What you will do> Read through the entries below and copy each line where "zijn" turns up.

Extracted data>
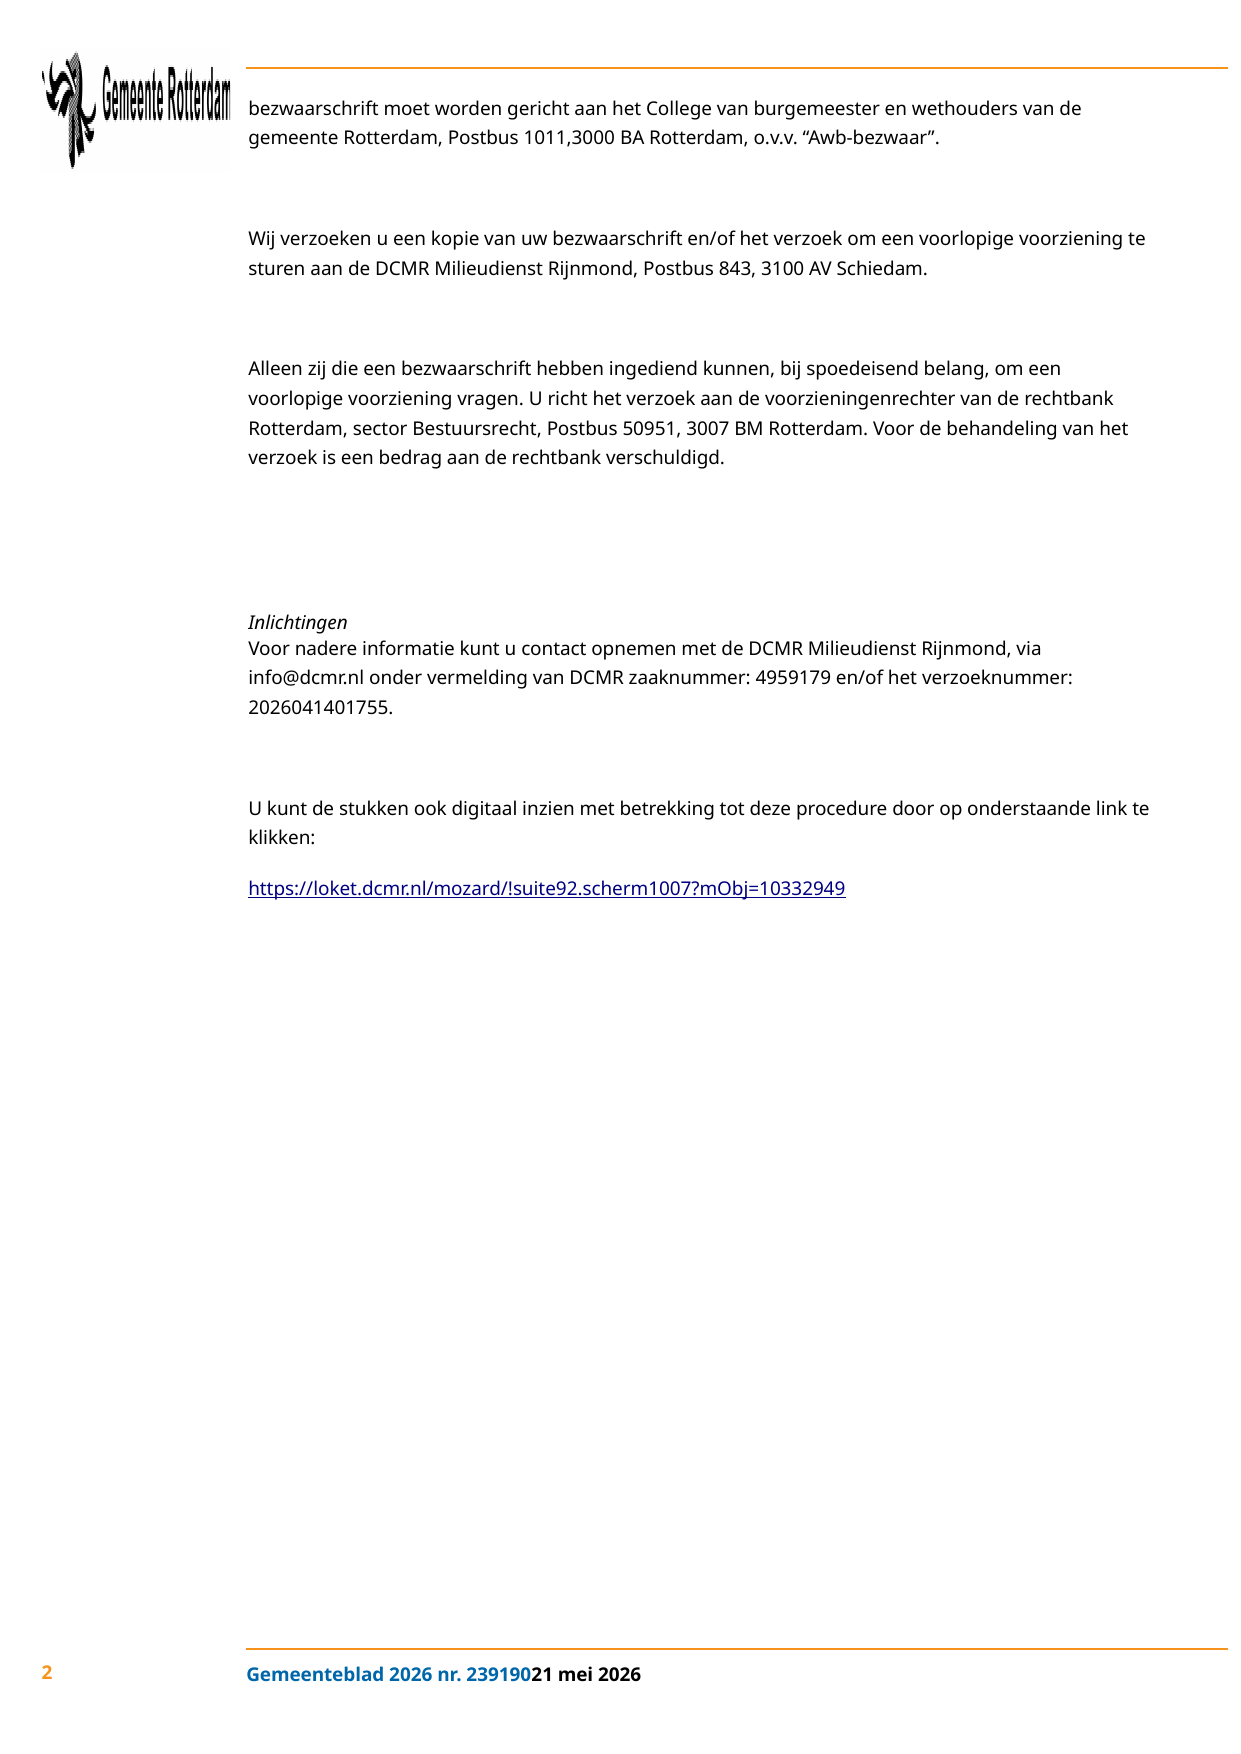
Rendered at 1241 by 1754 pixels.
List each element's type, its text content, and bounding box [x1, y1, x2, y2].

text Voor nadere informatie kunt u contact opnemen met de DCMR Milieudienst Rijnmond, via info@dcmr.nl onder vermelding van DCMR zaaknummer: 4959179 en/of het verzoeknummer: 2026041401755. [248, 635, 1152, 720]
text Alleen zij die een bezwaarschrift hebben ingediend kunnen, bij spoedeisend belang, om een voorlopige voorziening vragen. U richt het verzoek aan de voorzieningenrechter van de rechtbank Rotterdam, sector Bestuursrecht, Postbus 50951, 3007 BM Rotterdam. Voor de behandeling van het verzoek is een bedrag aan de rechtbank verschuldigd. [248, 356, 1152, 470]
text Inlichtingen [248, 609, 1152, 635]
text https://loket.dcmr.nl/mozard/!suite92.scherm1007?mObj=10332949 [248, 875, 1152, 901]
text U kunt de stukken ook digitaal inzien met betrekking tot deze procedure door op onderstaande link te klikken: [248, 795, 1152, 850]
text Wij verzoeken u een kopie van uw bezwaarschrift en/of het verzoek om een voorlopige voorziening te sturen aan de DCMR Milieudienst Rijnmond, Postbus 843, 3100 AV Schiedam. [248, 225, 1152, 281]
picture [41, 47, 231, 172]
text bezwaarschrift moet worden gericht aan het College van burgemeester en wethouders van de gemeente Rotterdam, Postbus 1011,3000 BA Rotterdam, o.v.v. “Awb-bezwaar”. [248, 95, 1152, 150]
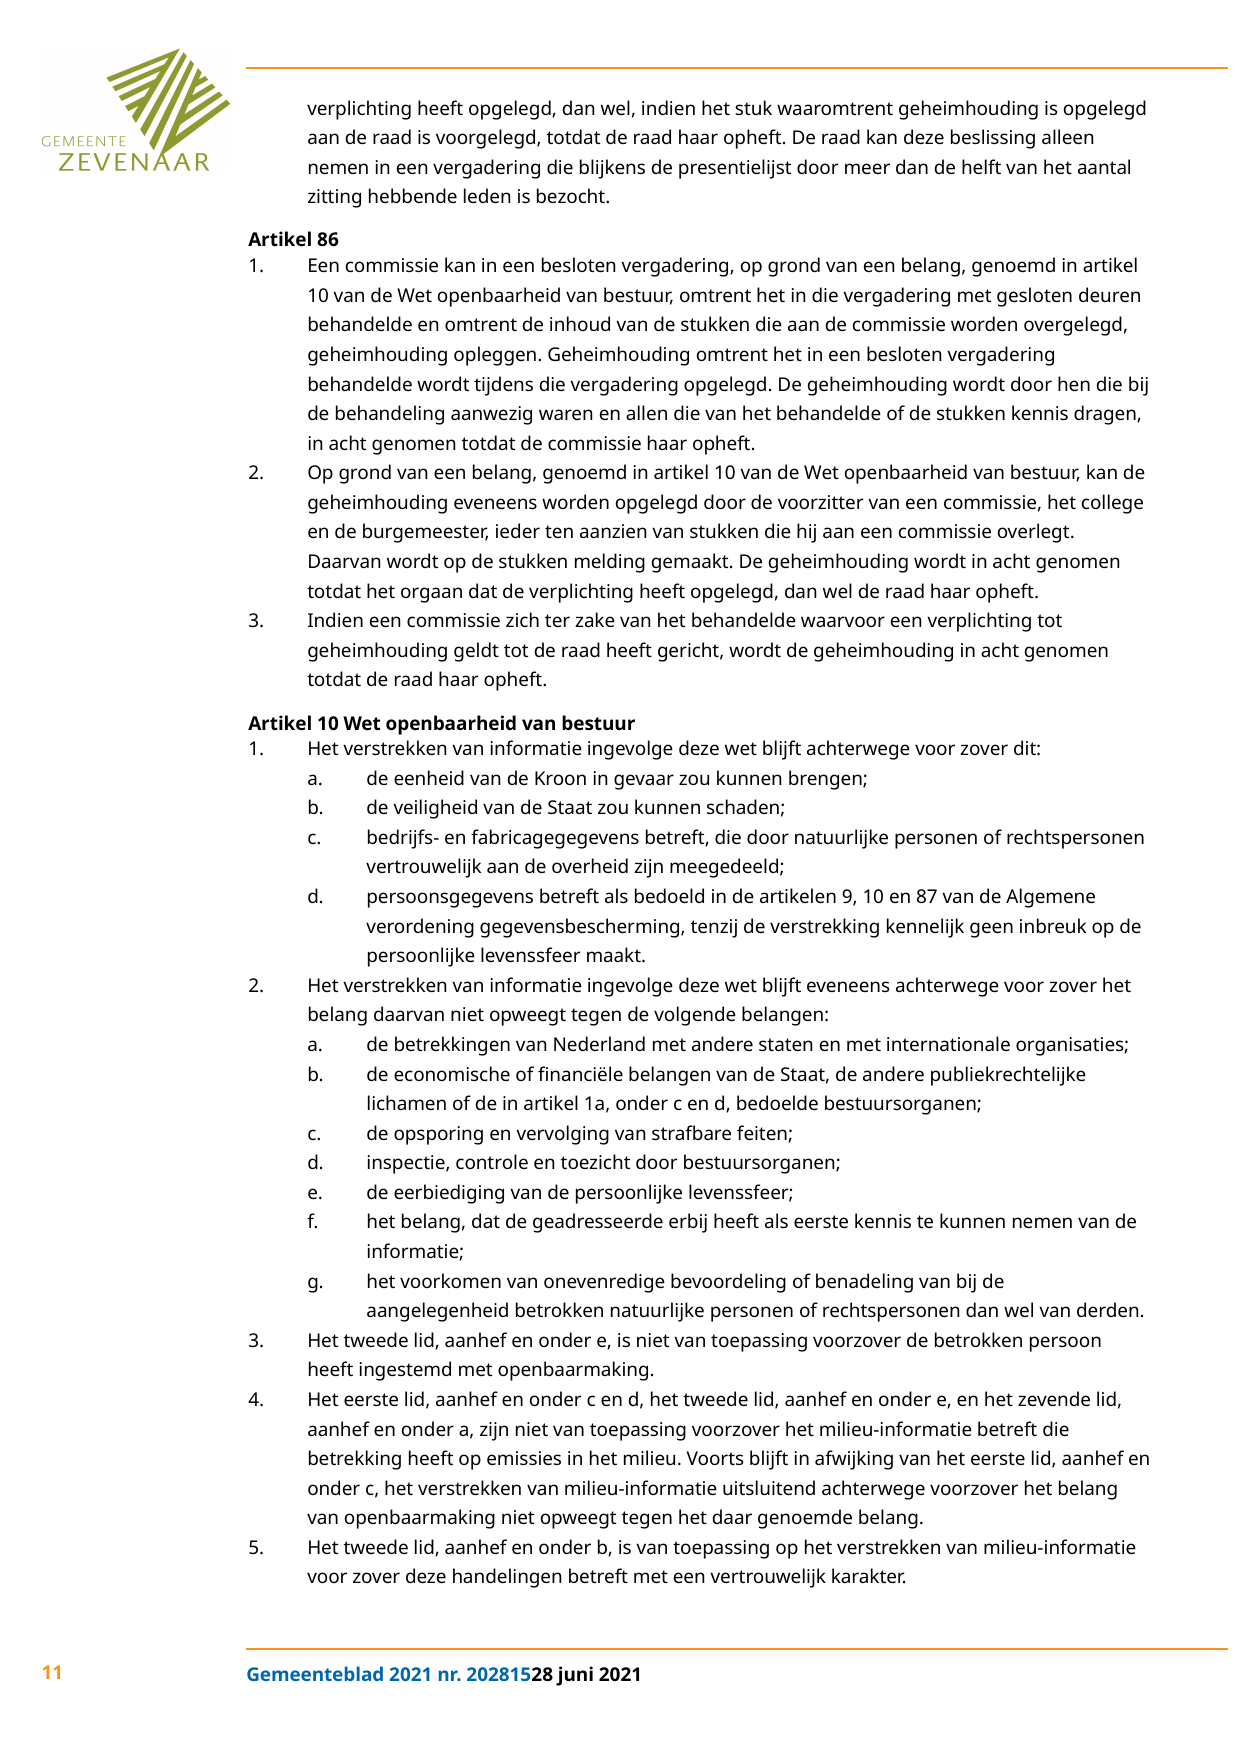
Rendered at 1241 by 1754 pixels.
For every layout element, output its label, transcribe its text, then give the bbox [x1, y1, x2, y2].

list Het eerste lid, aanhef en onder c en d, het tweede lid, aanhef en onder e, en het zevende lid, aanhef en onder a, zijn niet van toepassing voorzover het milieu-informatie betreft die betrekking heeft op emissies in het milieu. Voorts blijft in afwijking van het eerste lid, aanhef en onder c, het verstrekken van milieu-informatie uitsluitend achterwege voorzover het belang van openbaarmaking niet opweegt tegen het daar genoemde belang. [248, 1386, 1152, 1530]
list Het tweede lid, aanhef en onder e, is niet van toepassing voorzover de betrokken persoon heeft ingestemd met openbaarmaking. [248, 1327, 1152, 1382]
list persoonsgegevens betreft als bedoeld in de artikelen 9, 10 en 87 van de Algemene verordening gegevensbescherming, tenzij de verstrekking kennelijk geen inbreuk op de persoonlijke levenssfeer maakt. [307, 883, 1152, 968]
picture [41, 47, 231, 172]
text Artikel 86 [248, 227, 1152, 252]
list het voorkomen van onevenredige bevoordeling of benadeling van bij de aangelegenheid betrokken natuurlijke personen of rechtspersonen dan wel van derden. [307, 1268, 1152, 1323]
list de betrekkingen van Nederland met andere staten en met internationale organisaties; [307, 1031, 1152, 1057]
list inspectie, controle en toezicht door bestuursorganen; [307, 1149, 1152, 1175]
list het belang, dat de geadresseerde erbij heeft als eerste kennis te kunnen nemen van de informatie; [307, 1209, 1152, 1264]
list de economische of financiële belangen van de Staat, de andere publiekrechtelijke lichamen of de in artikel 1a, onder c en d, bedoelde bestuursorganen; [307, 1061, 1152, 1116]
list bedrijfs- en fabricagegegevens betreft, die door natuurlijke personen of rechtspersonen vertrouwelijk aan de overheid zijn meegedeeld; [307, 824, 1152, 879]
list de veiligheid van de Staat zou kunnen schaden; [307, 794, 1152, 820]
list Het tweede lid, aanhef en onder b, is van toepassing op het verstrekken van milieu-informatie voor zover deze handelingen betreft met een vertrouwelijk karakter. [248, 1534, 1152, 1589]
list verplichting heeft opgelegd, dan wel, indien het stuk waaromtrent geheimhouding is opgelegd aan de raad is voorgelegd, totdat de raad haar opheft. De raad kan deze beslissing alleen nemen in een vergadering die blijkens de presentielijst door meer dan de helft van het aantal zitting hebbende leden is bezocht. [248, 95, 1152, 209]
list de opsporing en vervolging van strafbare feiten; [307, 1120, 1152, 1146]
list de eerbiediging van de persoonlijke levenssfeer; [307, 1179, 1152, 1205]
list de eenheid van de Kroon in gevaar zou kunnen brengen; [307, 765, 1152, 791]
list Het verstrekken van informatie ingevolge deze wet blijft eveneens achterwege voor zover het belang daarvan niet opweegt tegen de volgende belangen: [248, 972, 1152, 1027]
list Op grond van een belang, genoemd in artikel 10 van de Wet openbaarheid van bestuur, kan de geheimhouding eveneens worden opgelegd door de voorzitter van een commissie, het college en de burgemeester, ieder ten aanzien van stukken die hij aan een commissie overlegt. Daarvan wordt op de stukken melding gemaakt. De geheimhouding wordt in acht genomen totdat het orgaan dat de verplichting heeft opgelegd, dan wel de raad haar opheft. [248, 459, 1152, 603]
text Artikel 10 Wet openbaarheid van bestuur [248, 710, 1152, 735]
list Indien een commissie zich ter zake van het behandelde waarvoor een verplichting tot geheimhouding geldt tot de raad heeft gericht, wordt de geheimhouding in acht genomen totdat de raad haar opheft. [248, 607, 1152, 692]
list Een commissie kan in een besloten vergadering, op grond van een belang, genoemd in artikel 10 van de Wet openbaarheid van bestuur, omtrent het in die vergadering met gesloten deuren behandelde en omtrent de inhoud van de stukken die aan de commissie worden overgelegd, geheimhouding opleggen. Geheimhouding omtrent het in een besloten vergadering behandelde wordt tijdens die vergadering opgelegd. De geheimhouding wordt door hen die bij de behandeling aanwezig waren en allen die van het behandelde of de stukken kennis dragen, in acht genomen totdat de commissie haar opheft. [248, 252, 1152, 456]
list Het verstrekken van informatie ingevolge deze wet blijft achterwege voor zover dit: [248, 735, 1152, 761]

Response for this exercise>
list Het eerste lid, aanhef en onder c en d, het tweede lid, aanhef en onder e, en het zevende lid, aanhef en onder a, zijn niet van toepassing voorzover het milieu-informatie betreft die betrekking heeft op emissies in het milieu. Voorts blijft in afwijking van het eerste lid, aanhef en onder c, het verstrekken van milieu-informatie uitsluitend achterwege voorzover het belang van openbaarmaking niet opweegt tegen het daar genoemde belang. [248, 1386, 1152, 1530]
list bedrijfs- en fabricagegegevens betreft, die door natuurlijke personen of rechtspersonen vertrouwelijk aan de overheid zijn meegedeeld; [307, 824, 1152, 879]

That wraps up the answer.